An exact copy of each line below is needed, with no images in it.

-- STORED DATA follows --

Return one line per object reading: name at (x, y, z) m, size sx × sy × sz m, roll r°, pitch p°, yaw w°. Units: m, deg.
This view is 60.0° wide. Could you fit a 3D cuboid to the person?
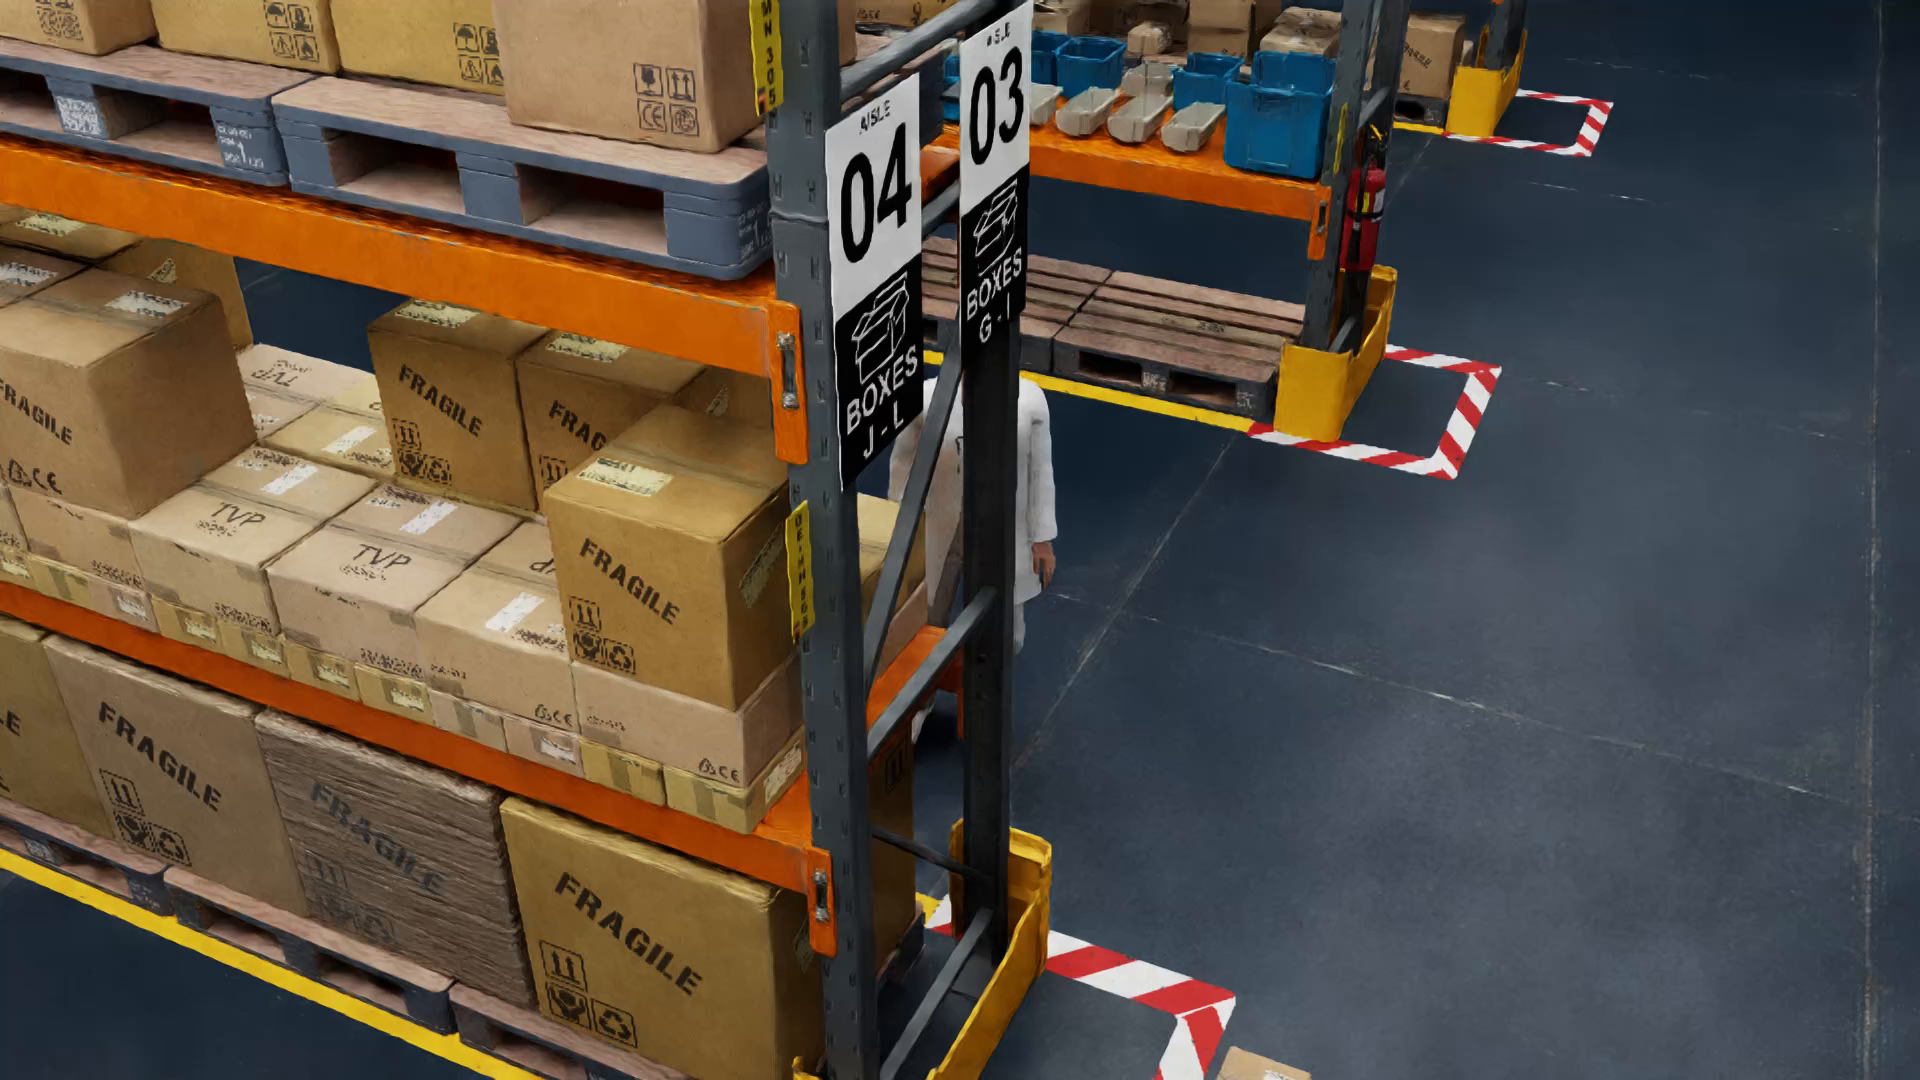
person at (0.040, -0.039, 6.197) m, size 0.640 × 1.763 × 0.555 m, roll 0°, pitch 33°, yaw 0°
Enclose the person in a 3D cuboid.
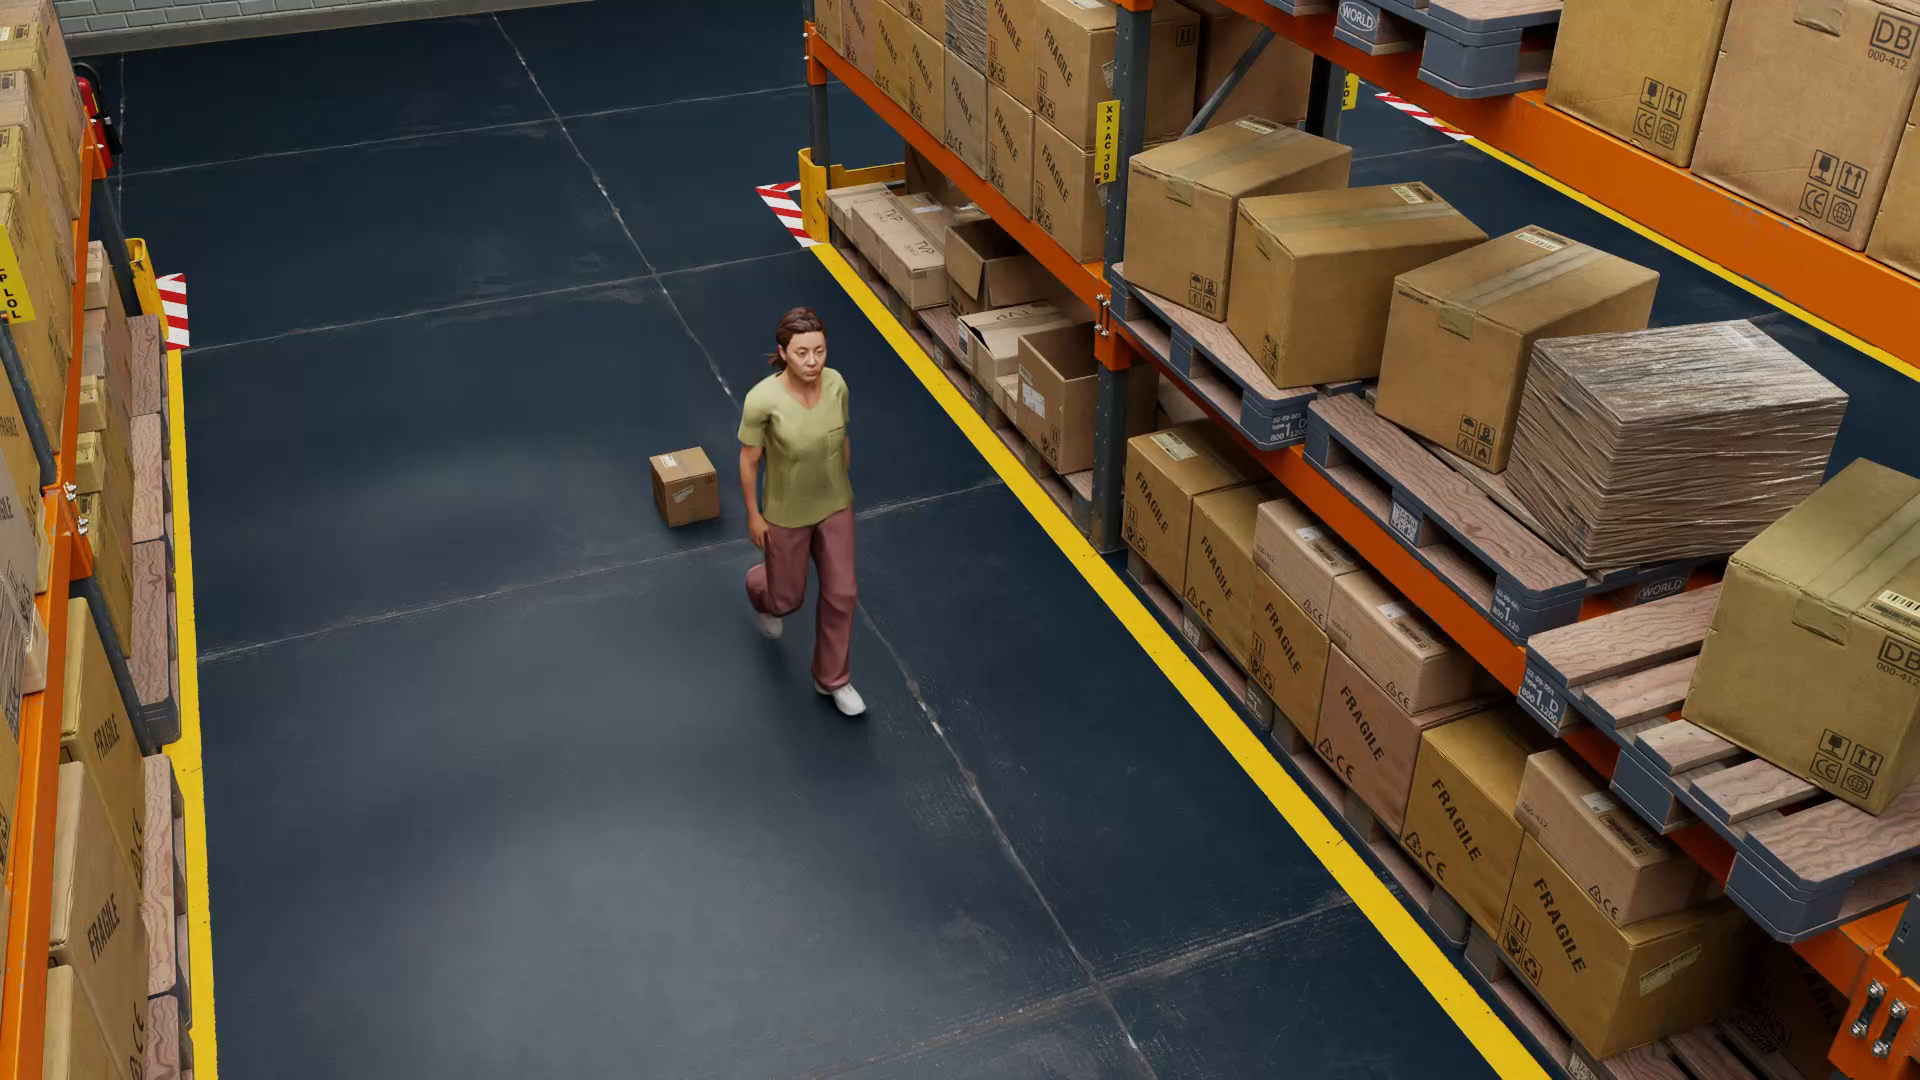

-- STORED DATA concluded --

▶ **EXERCISE RESPONSE**
Return one line per object reading: name at (x, y, z) m, size sx × sy × sz m, roll r°, pitch p°, yaw w°. Units: m, deg.
This view is 60.0° wide. Could you fit a 3D cuboid to the person?
person at (0.040, -0.039, 6.197) m, size 0.640 × 1.763 × 0.555 m, roll 0°, pitch 33°, yaw 0°
Enclose the person in a 3D cuboid.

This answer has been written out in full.